The msprof CLI is used to collect performance data at the CANN and NPU layers. It serves as the basis for other performance data collection APIs.

The msprof CLI does not have AI framework layer data.

The Profiler APIs of the AI framework encapsulate the msprof CLI and enable further collection and parsing of performance data at the AI framework layer. This method is the most commonly used approach. According to their functions and features, the Profiler APIs can be classified into three modes: general (static) collection, dynamic collection, and online monitoring.

In addition, some training or inference suites, such as MindSpeed-MM and MindFormers, provide additional encapsulation of the Profiler APIs, allowing users to directly invoke performance data collection through the APIs in these suites.

Figure 1 Performance collection framework
Table 1 Collection mode description

Collection Mode

Strength

Recommended Application Scenario

Reference Document Link

Collection using msprof CLI

The msprof CLI tool provides the capabilities of collecting and parsing the AI job runtime profile data, system data of Ascend AI Processors, and other required data.

NOTE:

The msprof CLI does not have AI framework layer data.

Training and inference scenarios.

Section "msprof Common Collection Commands" in Profiling Instructions.

Ascend PyTorch Profiler APIs

Fully align with the usage in PyTorch-GPU scenarios and support collection of PyTorch framework and Ascend software and hardware data.

General performance analysis based on PyTorch.

Section "Ascend PyTorch Profiler" in Profiling Instructions.

MindSpore Profiler APIs

Collect MindSpore framework and Ascend software and hardware data.

General performance analysis based on MindSpore.

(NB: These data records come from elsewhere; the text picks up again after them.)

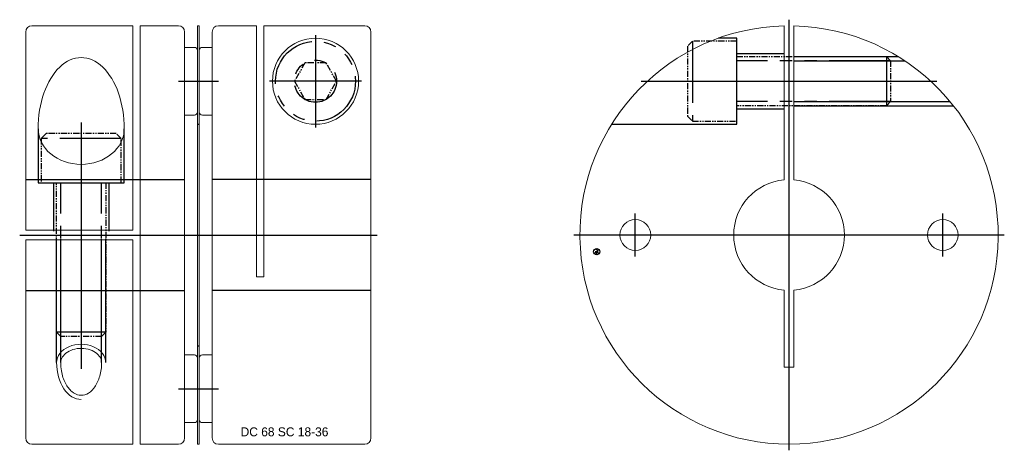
# Model space of a CAD drawing. Extents: x -27 to 133, y -35 to 35.
import ezdxf
from ezdxf.enums import TextEntityAlignment as Align

# ---------------------------------------------------------------- set-up
doc = ezdxf.new("R2010")
doc.units = 0
doc.header["$LTSCALE"] = 8
for name, pattern in [('CENTER', [50.8, 31.75, -6.35, 6.35, -6.35]), ('HIDDEN', [9.525, 6.35, -3.175]), ('PHANTOM', [2.5, 1.25, -0.25, 0.25, -0.25, 0.25, -0.25])]:
    doc.linetypes.add(name, pattern=pattern)
doc.layers.get('0').update_dxf_attribs({"linetype": 'CONTINUOUS', "lineweight": 18})
for name, color, linetype in [('BOM', 6, 'CONTINUOUS'), ('CENTER', 1, 'CENTER'), ('HIDDEN', 2, 'HIDDEN'), ('PHANTOM', 6, 'PHANTOM')]:
    doc.layers.add(name, color=color, linetype=linetype)
doc.layers.add('THIN', color=3, linetype='CONTINUOUS', lineweight=5)
doc.styles.add('ADESK1', font='romans')

# ---------------------------------------------------------------- blocks, each defined once
blk = doc.blocks.new('MCLBM2')
blk.add_circle((0, 0), 0.5)
at = {"style": 'ADESK1'}
blk.add_text('BM', height=0.5, dxfattribs=at).set_placement((0, 0), align=Align.MIDDLE)
at = {"style": 'ADESK1', "flags": 1}
for tag, p in [('NAME', (0, -1)), ('ENAME', (0, -2)), ('SPEC', (0, -3)), ('QTY', (0, -5)), ('MATERIAL', (0, -4)), ('WEIGHT', (0, -6)), ('PRICE', (0, -7)), ('REMARK', (0, -8)), ('USER1', (0, -9)), ('USER2', (0, -10)), ('USER3', (0, -11)), ('USER4', (0, -12)), ('USER5', (0, -13)), ('USER6', (0, -14))]:
    blk.add_attdef(tag, p, '', height=0.5, dxfattribs=at)

msp = doc.modelspace()

# ---------------------------------------------------------------- linework, layer by layer
for p, q in [((-24.8, 34), (-8.4, 34)), ((-8.4, 34), (-8.4, 0.8)), ((-7.2, 34), (-7.2, -34)), ((-1, 34), (-7.2, 34)), ((2.1, 34), (2.4, 34)), ((2.1, -34), (2.1, 34)), ((2.4, 34), (2.4, -34)), ((11.7, 34), (5.5, 34)), ((11.7, -6.8), (11.7, 34)), ((29.3, 34), (12.9, 34)), ((12.9, 34), (12.9, -6.8)), ((97.5, 33.99), (97.5, 8.96)), ((99.1, 8.96), (99.1, 33.99)), ((-25.8, 33), (-25.8, 0.8)), ((0, 33), (0, -33)), ((4.5, 33), (4.5, -33)), ((30.3, -33), (30.3, 33)), ((0, 30.5), (1.6, 30.5)), ((0, 19.5), (0, 30.5)), ((2.1, 30), (2.1, 20)), ((1.6, 19.5), (0, 19.5)), ((-25.8, 0.8), (-8.4, 0.8)), ((-25.8, -0.8), (-8.4, -0.8)), ((-25.8, -33), (-25.8, -0.8)), ((-8.4, -34), (-8.4, -0.8)), ((12.9, -6.8), (11.7, -6.8)), ((2.4, -30), (2.4, -20)), ((2.9, -19.5), (4.5, -19.5)), ((4.5, -19.5), (4.5, -30.5)), ((4.5, -30.5), (2.9, -30.5)), ((-24.8, -34), (-8.4, -34)), ((-1, -34), (-7.2, -34)), ((2.4, -34), (2.1, -34)), ((5.5, -34), (29.3, -34))]:
    msp.add_line(p, q)
at = {"extrusion": (1.22461e-16, -2.99932e-32, -1)}
for p, q in [((4.5, 30.5), (2.9, 30.5)), ((4.5, 19.5), (4.5, 30.5)), ((2.4, 30), (2.4, 20)), ((2.9, 19.5), (4.5, 19.5))]:
    msp.add_line(p, q, dxfattribs=at)
at = {"extrusion": (-2.99932e-32, -1.22461e-16, -1)}
for p, q in [((1.6, -19.5), (0, -19.5)), ((0, -19.5), (0, -30.5)), ((2.1, -30), (2.1, -20)), ((0, -30.5), (1.6, -30.5))]:
    msp.add_line(p, q, dxfattribs=at)
msp.add_lwpolyline([(97.5, -8.96), (97.5, -21.5), (99.1, -21.5), (99.1, -8.96)])
for centre, radius in [((21.3, 25), 7), ((73.3, 0), 2.5), ((123.3, 0), 2.5)]:
    msp.add_circle(centre, radius)
for centre, radius, start, end in [((-24.8, 33), 1, 90, 180), ((-1, 33), 1, 0, 90), ((5.5, 33), 1, 90, 180), ((29.3, 33), 1, 0, 90), ((98.3, 0), 34, 91.3483, 88.6517), ((1.6, 30), 0.5, 0, 90), ((1.6, 20), 0.5, 270, 0), ((98.3, 0), 9, 95.0997, 264.9003), ((98.3, 0), 9, 275.0997, 84.9003), ((2.9, -20), 0.5, 90, 180), ((2.9, -30), 0.5, 180, 270), ((-24.8, -33), 1, 180, 270), ((-1, -33), 1, 270, 0), ((5.5, -33), 1, 180, 270), ((29.3, -33), 1, 270, 0)]:
    msp.add_arc(centre, radius, start, end)
at = {"extrusion": (1.22461e-16, -2.99932e-32, -1)}
for centre, start, end in [((-2.9, 30), 0, 90), ((-2.9, 20), 270, 0)]:
    msp.add_arc(centre, 0.5, start, end, dxfattribs=at)
at = {"extrusion": (-2.99932e-32, -1.22461e-16, -1)}
for centre, start, end in [((-1.6, -20), 90, 180), ((-1.6, -30), 180, 270)]:
    msp.add_arc(centre, 0.5, start, end, dxfattribs=at)
at = {"ltscale": 0.1}
for major_axis, ratio, start_param, end_param in [((0, 11.57), 0.605003, 4.712389, 7.853982), ((7, 0), 0.826442, 3.141593, 6.283185)]:
    msp.add_ellipse((-16.8, 17.27), major_axis=major_axis, ratio=ratio, start_param=start_param, end_param=end_param, dxfattribs=at)
for points, knots in [([(-13.48, -20.75), (-13.48, -20.46), (-13.56, -20.16), (-13.89, -19.6), (-14.15, -19.32), (-14.82, -18.86), (-15.23, -18.68), (-16.14, -18.45), (-16.63, -18.4), (-17.6, -18.47), (-18.07, -18.58), (-18.89, -18.92), (-19.24, -19.15), (-19.78, -19.68), (-19.95, -19.96), (-20.1, -20.42), (-20.12, -20.58), (-20.12, -20.75)], [0, 0, 0, 0, 0.415246, 0.415246, 0.830491, 0.830491, 1.245737, 1.245737, 1.660982, 1.660982, 2.076228, 2.076228, 2.491474, 2.491474, 2.906719, 2.906719, 3.141593, 3.141593, 3.141593, 3.141593]), ([(-20.12, -20.75), (-20.12, -21.2), (-20.09, -21.66), (-19.89, -22.83), (-19.67, -23.51), (-19.08, -24.66), (-18.71, -25.13), (-17.93, -25.79), (-17.52, -25.97), (-16.71, -26.1), (-16.3, -26.04), (-15.49, -25.67), (-15.09, -25.34), (-14.38, -24.43), (-14.07, -23.84), (-13.64, -22.52), (-13.51, -21.78), (-13.48, -20.94), (-13.48, -20.84), (-13.48, -20.75)], [1.570796, 1.570796, 1.570796, 1.570796, 1.819311, 1.819311, 2.225233, 2.225233, 2.631155, 2.631155, 3.037078, 3.037078, 3.443, 3.443, 3.848922, 3.848922, 4.254844, 4.254844, 4.660766, 4.660766, 4.712389, 4.712389, 4.712389, 4.712389])]:
    msp.add_open_spline(points, degree=3, knots=knots, dxfattribs=at)
at = {"layer": 'CENTER'}
for p, q in [((98.3, -35), (98.3, 35)), ((21.3, 32.5), (21.3, 17.5)), ((-1, 25), (5.5, 25)), ((28.8, 25), (13.8, 25)), ((74.26, 25), (122.34, 25)), ((-16.8, 18.27), (-16.8, -21.75)), ((73.3, -3.5), (73.3, 3.5)), ((123.3, -3.5), (123.3, 3.5)), ((-26.8, 0), (31.3, 0)), ((133.3, 0), (63.3, 0)), ((76.8, 0), (69.8, 0)), ((126.8, 0), (119.8, 0))]:
    msp.add_line(p, q, dxfattribs=at)
at = {"layer": 'CENTER', "extrusion": (-2.99932e-32, -1.22461e-16, -1)}
msp.add_line((-1, -25), (5.5, -25), dxfattribs=at)
at = {"layer": 'HIDDEN'}
for p, q in [((89.8, 29.5), (97.5, 29.5)), ((99.1, 29), (116.05, 29)), ((99.1, 28.32), (117.11, 28.32)), ((99.1, 21.68), (124.49, 21.68)), ((99.1, 21), (125.04, 21)), ((89.8, 20.5), (97.5, 20.5)), ((2.1, 18), (2.4, 18)), ((-23.8, 17.27), (-23.8, 8.5)), ((-9.8, 8.5), (-9.8, 17.27)), ((-25.8, 9), (0, 9)), ((-23.8, 8.5), (-9.8, 8.5)), ((-21.3, 8.5), (-21.3, 0.6)), ((-12.3, 8.5), (-12.3, 0.6)), ((30.3, 9), (4.5, 9)), ((-20.8, -20.75), (-20.8, -0.6)), ((-20.12, -20.75), (-20.12, -0.6)), ((-13.48, -20.75), (-13.48, -0.6)), ((-12.8, -20.75), (-12.8, -0.6))]:
    msp.add_line(p, q, dxfattribs=at)
at = {"layer": 'HIDDEN', "extrusion": (-2.99932e-32, -1.22461e-16, -1)}
for p, q in [((-25.8, -9), (0, -9)), ((30.3, -9), (4.5, -9)), ((2.1, -18), (2.4, -18))]:
    msp.add_line(p, q, dxfattribs=at)
at = {"layer": 'HIDDEN'}
msp.add_lwpolyline([(69.46, 18), (89.8, 18), (89.8, 32), (86.81, 32)], dxfattribs=at)
at = {"layer": 'PHANTOM'}
for p, q in [((82.6, 31.5), (82.6, 18.5)), ((114.12, 29), (114.12, 21)), ((114.8, 28.32), (89.8, 28.32)), ((114.8, 21.68), (89.8, 21.68)), ((-10.3, 15.7), (-23.3, 15.7)), ((-20.12, -16.5), (-20.12, 8.5)), ((-13.48, -16.5), (-13.48, 8.5)), ((-12.8, -15.82), (-20.8, -15.82))]:
    msp.add_line(p, q, dxfattribs=at)
at = {"layer": 'PHANTOM', "ltscale": 0.1}
for points in [[(89.8, 31.5), (82.6, 31.5), (81.8, 30.7), (81.8, 19.3), (82.6, 18.5), (89.8, 18.5)], [(24.73, 25), (23.02, 27.97), (19.59, 27.97), (17.87, 25), (19.59, 22.03), (23.02, 22.03)], [(-10.3, 8.5), (-10.3, 15.7), (-11.1, 16.5), (-22.5, 16.5), (-23.3, 15.7), (-23.3, 8.5)]]:
    msp.add_lwpolyline(points, close=True, dxfattribs=at)
for points in [[(89.8, 29), (114.12, 29), (114.8, 28.32), (114.8, 21.68), (114.12, 21), (89.8, 21)], [(-12.8, 8.5), (-12.8, -15.82), (-13.48, -16.5), (-20.12, -16.5), (-20.8, -15.82), (-20.8, 8.5)]]:
    msp.add_lwpolyline(points, dxfattribs=at)
at = {"layer": 'PHANTOM'}
for radius in [6.5, 3.43]:
    msp.add_circle((21.3, 25), radius, dxfattribs=at)
at = {"layer": 'THIN', "ltscale": 0.1}
for major_axis, ratio, start_param in [((4, 0), 0.74927, 0), ((0, 5.99), 0.667316, 1.570796)]:
    msp.add_ellipse((-16.8, -20.75), major_axis=major_axis, ratio=ratio, start_param=start_param, end_param=3.141593, dxfattribs=at)

# ---------------------------------------------------------------- block references
at = {"layer": 'BOM', "rotation": 90}
msp.add_blockref('MCLBM2', (67.02, -2.72), dxfattribs=at)

# ---------------------------------------------------------------- texts
at = {"ltscale": 0.6, "insert": (9.12, -31.27), "char_height": 1.4557, "attachment_point": 1}
msp.add_mtext('DC 68 SC 18-36', dxfattribs=at)

doc.saveas('drawing.dxf')

Section MindSpore Profiler in Profiling Instructions.

When the AI framework Profiler is used to collect data, configure parameters by referring to Table 2.

Table 2 Parameter settings

Scenario

Parameter

General performance analysis

  • Set profiler_level to Level1.
  • aic_metrics: Use the default value PipeUtilization.
  • activities: Collect CPU and NPU data.
  • Other switches are enabled as required.

NPU/GPU comparison

This configuration is used to compare the end-to-end duration of the NPU and GPU.

  • Set profiler_level to Level0.
  • activities: Collect only NPU data or CPU and NPU data (as required).
  • Other switches are disabled.

Code locating

To locate the code of an abnormal operator, you can enable the with_stack or with_modules switch in common scenarios. (Do not enable the switch unless necessary. Otherwise, the performance will deteriorate.)

Analyzing the on-chip memory allocation of the operator NPU

Set profile_memory to True.

Analyzing cluster communication

Set profiler_level to Level1.

Based on functions and features, the Profiler APIs can be classified into three modes: general collection, dynamic collection, and online monitoring, as described in Table 3.

Table 3 Collection types

Collection Mode

Strength

Recommended Application Scenario

How to Use

General collection

Sets the collection period or collects all data, and flushes the detailed performance data to disks.

General performance analysis

dynamic_profile dynamic collection

During model training, you can start the collection process at any time and dynamically modify configuration collection items without frequently modifying the script code.

Scenarios with high startup and shutdown costs (such as ultra-large-scale training)